====== ENTRIES PROVIDED ======

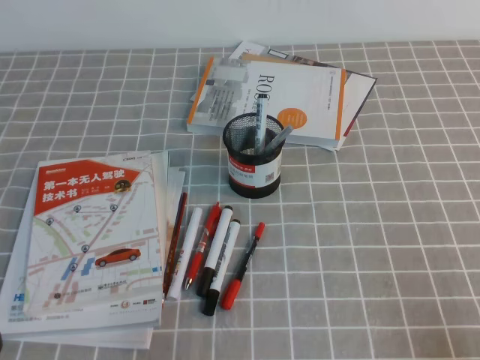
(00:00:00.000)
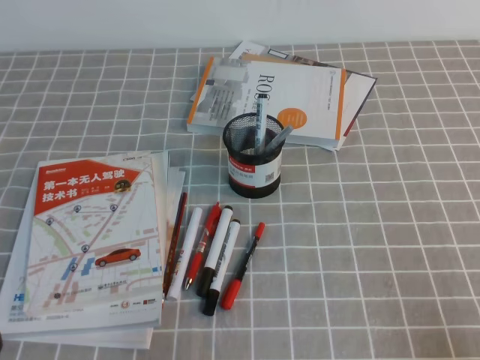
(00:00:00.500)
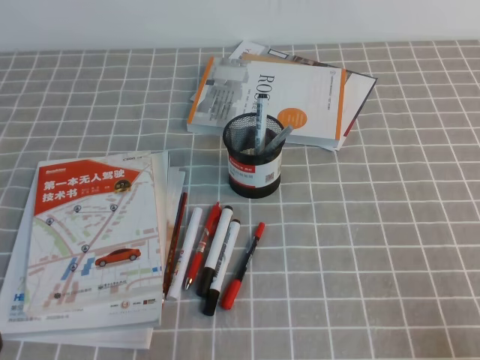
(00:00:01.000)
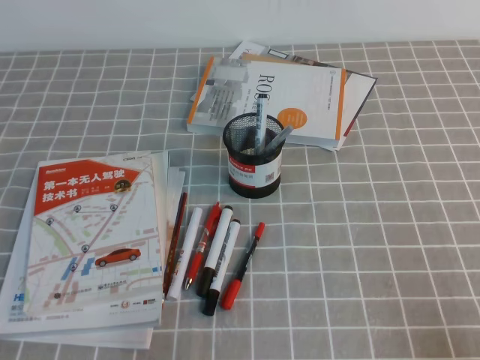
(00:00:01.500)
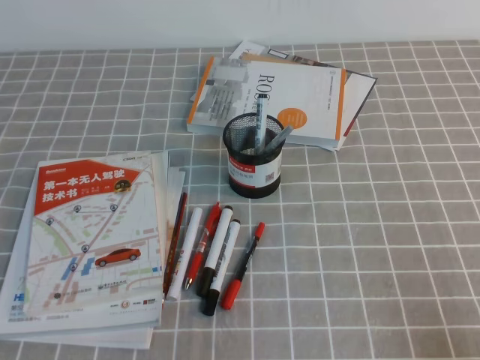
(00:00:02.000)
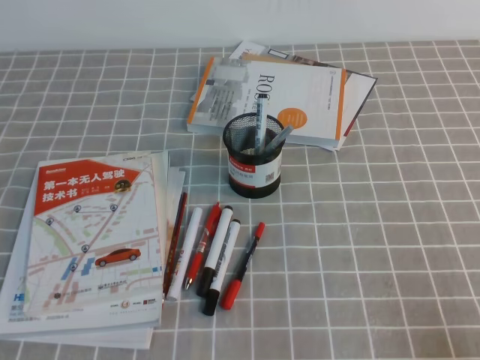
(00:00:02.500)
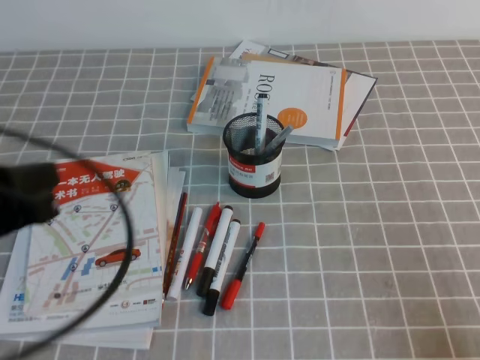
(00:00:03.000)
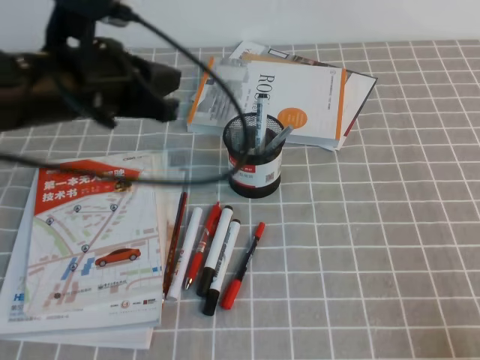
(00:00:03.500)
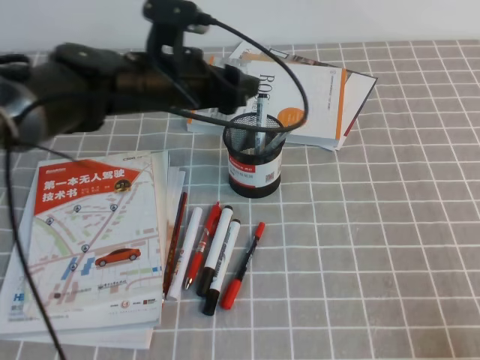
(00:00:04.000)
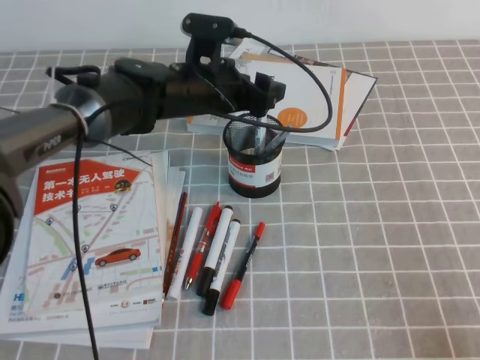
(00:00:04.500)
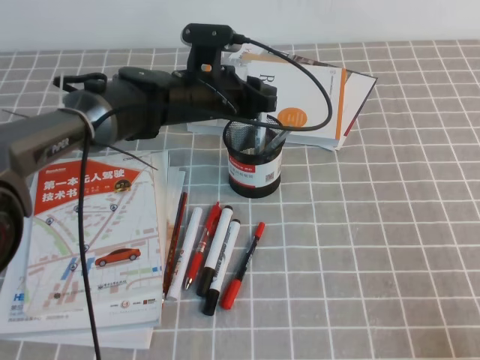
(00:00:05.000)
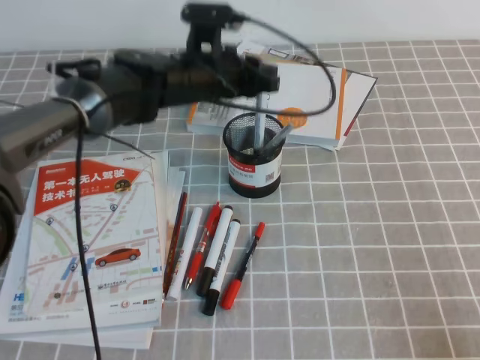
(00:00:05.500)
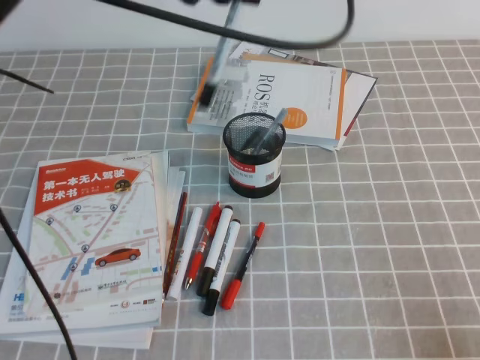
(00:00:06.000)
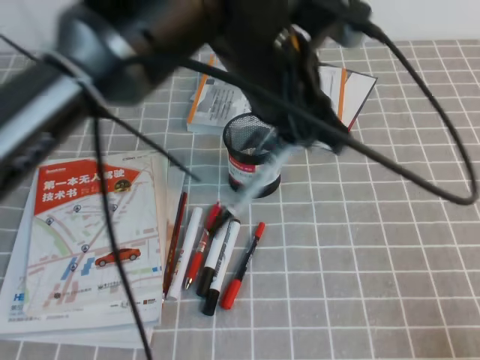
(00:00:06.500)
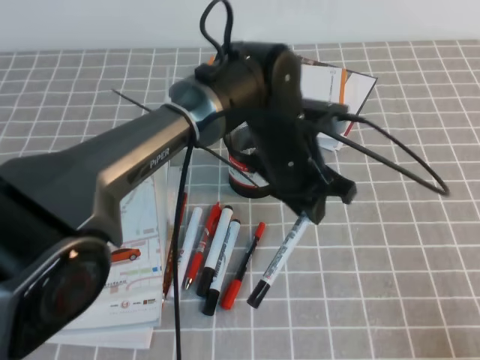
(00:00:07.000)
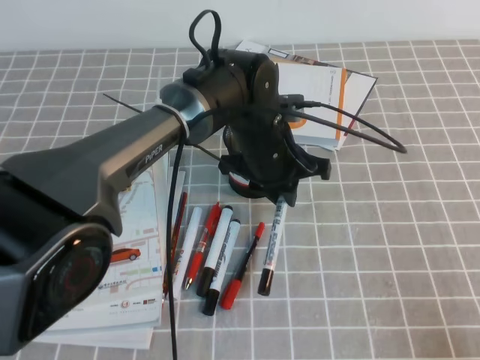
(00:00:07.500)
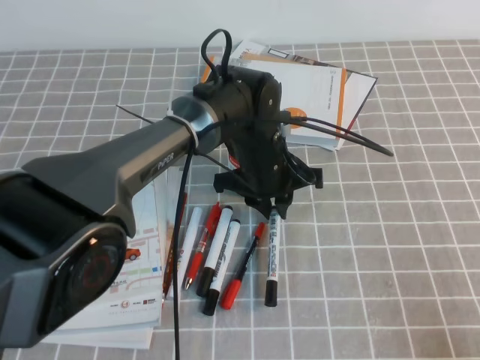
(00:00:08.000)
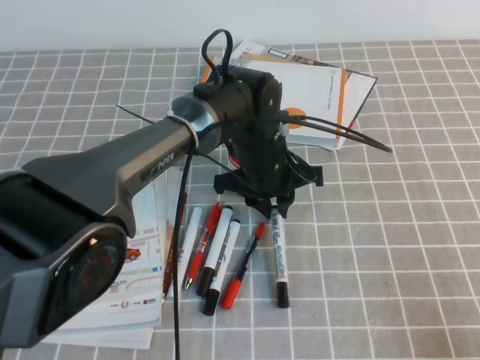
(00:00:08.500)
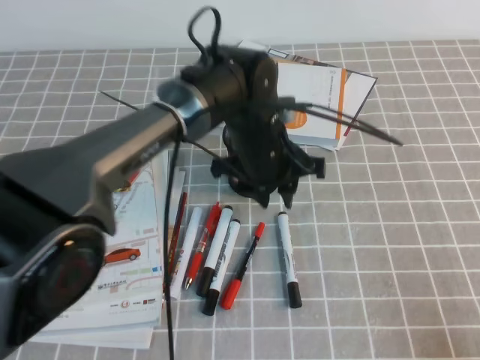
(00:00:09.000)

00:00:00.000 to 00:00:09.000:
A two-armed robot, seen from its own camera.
00:00:02.000 to 00:00:04.500: The left gripper travels forward and to the right by approximately 40 cm, and opens.
00:00:04.500 to 00:00:07.000: The left gripper travels backward and to the right by some 15 cm, moves approximately 15 cm upward and comes back, and closes up.

======

TASK REQUIREMENTS:
The reply should hold every line of the material above, unchanged, and no pictures.

SOLUTION TO THIS EXERCISE:
(00:00:00.000)
(00:00:00.500)
(00:00:01.000)
(00:00:01.500)
(00:00:02.000)
(00:00:02.500)
(00:00:03.000)
(00:00:03.500)
(00:00:04.000)
(00:00:04.500)
(00:00:05.000)
(00:00:05.500)
(00:00:06.000)
(00:00:06.500)
(00:00:07.000)
(00:00:07.500)
(00:00:08.000)
(00:00:08.500)
(00:00:09.000)

00:00:00.000 to 00:00:09.000:
A two-armed robot, seen from its own camera.
00:00:02.000 to 00:00:04.500: The left gripper travels forward and to the right by approximately 40 cm, and opens.
00:00:04.500 to 00:00:07.000: The left gripper travels backward and to the right by some 15 cm, moves approximately 15 cm upward and comes back, and closes up.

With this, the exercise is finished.